--- START ---

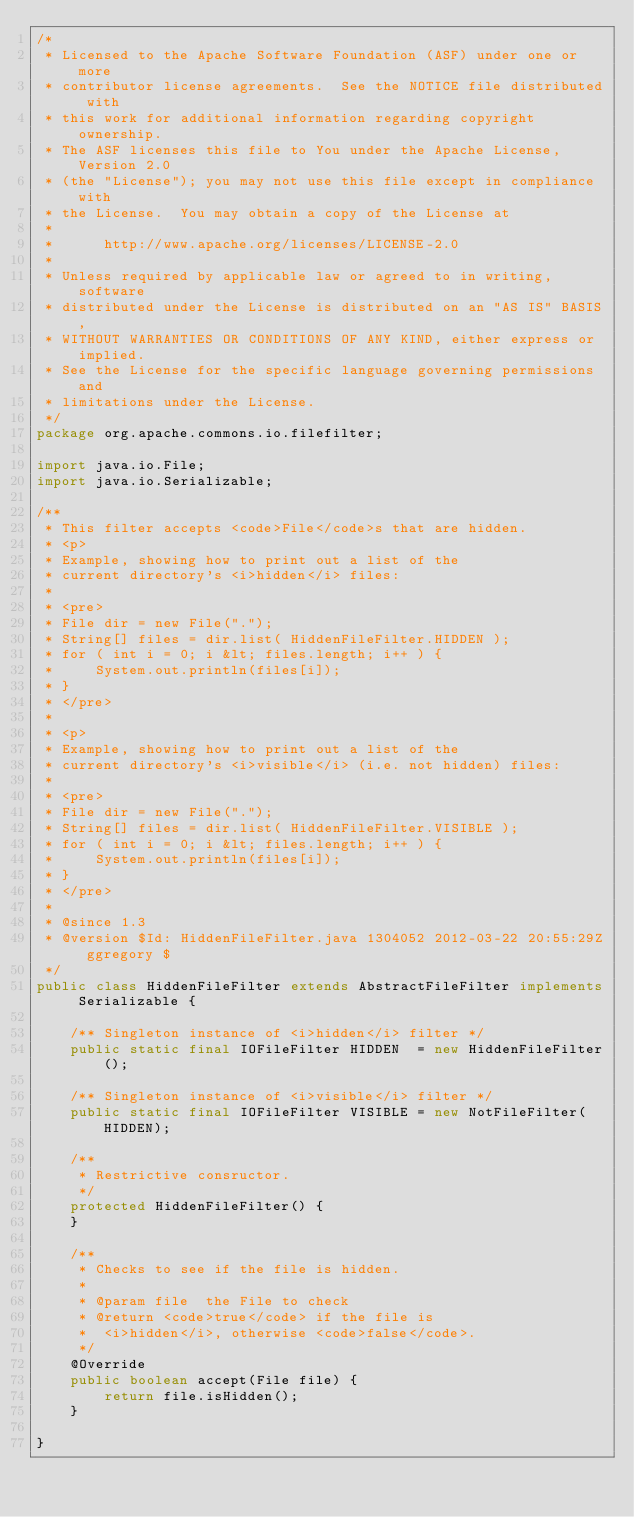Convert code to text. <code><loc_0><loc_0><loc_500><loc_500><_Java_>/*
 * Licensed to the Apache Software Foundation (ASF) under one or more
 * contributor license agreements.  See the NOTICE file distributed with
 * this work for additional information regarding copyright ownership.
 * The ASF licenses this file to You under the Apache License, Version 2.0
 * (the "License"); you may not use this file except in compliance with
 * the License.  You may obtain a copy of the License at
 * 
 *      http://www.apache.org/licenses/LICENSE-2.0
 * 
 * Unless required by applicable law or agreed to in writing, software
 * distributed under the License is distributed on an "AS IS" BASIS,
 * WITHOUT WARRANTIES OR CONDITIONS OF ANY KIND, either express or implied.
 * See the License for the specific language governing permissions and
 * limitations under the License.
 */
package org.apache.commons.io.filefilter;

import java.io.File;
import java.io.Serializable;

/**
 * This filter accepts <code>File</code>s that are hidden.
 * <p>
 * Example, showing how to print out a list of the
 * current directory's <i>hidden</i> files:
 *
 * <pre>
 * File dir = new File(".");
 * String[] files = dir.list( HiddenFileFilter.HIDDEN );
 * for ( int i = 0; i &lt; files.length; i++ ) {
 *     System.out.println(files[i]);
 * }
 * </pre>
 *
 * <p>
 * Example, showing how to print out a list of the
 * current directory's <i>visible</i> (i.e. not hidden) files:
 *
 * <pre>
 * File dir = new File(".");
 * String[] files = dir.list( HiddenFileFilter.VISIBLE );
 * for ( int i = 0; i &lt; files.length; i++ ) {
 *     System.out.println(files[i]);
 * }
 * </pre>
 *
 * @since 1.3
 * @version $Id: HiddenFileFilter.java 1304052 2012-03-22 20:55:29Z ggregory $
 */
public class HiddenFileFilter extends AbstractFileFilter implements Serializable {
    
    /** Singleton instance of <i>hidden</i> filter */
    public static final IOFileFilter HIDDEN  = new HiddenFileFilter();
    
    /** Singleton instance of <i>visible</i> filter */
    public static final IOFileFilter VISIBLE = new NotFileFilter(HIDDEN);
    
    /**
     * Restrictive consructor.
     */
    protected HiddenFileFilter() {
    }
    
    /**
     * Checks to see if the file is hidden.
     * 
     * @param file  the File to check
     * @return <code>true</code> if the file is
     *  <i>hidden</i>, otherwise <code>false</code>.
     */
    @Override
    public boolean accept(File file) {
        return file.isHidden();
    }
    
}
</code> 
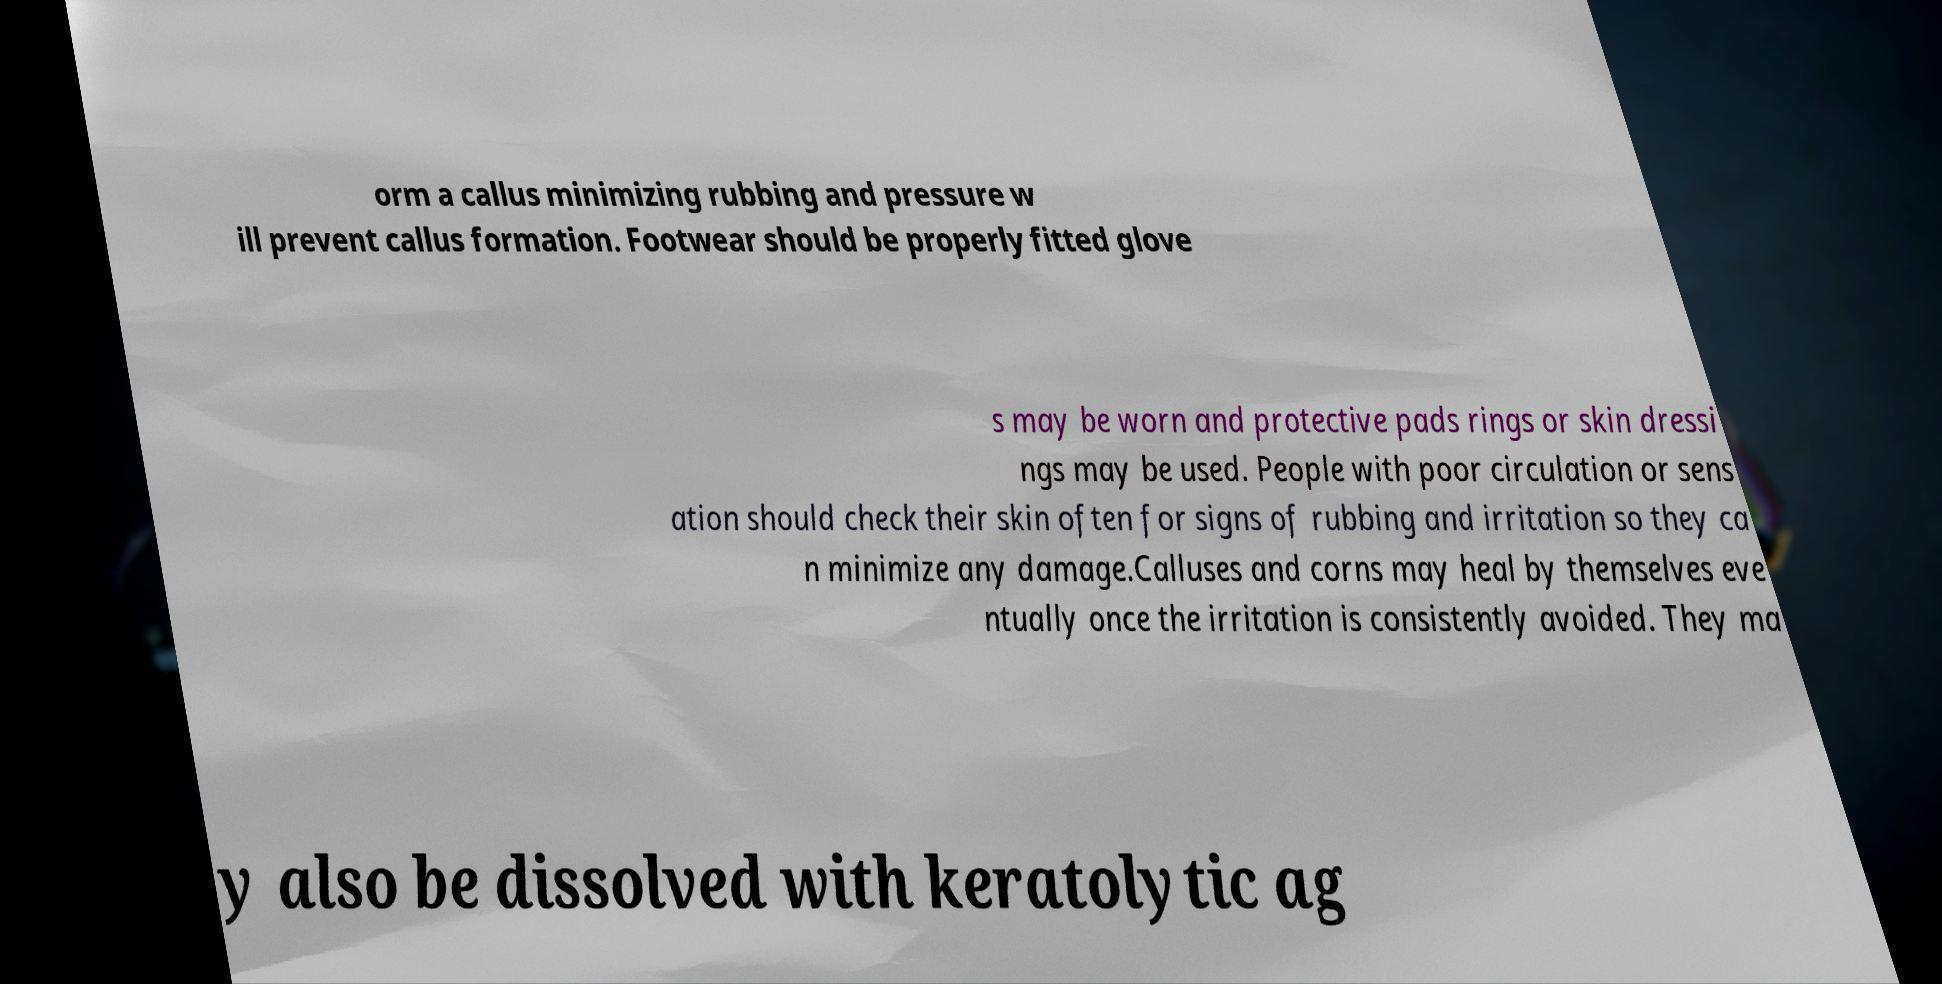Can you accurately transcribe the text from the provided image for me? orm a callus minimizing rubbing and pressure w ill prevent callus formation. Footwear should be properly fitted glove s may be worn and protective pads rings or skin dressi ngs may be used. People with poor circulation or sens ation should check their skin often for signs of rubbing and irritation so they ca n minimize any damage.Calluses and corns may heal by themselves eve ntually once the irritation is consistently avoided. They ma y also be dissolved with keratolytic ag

--- END ---

Repeat, line for line and exactly, the material from its first line through the line that contains "dir.list( HiddenFileFilter.HIDDEN );", both ends included; no pictures belong in the copy.

* [Task result]
Convert code to text. <code><loc_0><loc_0><loc_500><loc_500><_Java_>/*
 * Licensed to the Apache Software Foundation (ASF) under one or more
 * contributor license agreements.  See the NOTICE file distributed with
 * this work for additional information regarding copyright ownership.
 * The ASF licenses this file to You under the Apache License, Version 2.0
 * (the "License"); you may not use this file except in compliance with
 * the License.  You may obtain a copy of the License at
 * 
 *      http://www.apache.org/licenses/LICENSE-2.0
 * 
 * Unless required by applicable law or agreed to in writing, software
 * distributed under the License is distributed on an "AS IS" BASIS,
 * WITHOUT WARRANTIES OR CONDITIONS OF ANY KIND, either express or implied.
 * See the License for the specific language governing permissions and
 * limitations under the License.
 */
package org.apache.commons.io.filefilter;

import java.io.File;
import java.io.Serializable;

/**
 * This filter accepts <code>File</code>s that are hidden.
 * <p>
 * Example, showing how to print out a list of the
 * current directory's <i>hidden</i> files:
 *
 * <pre>
 * File dir = new File(".");
 * String[] files = dir.list( HiddenFileFilter.HIDDEN );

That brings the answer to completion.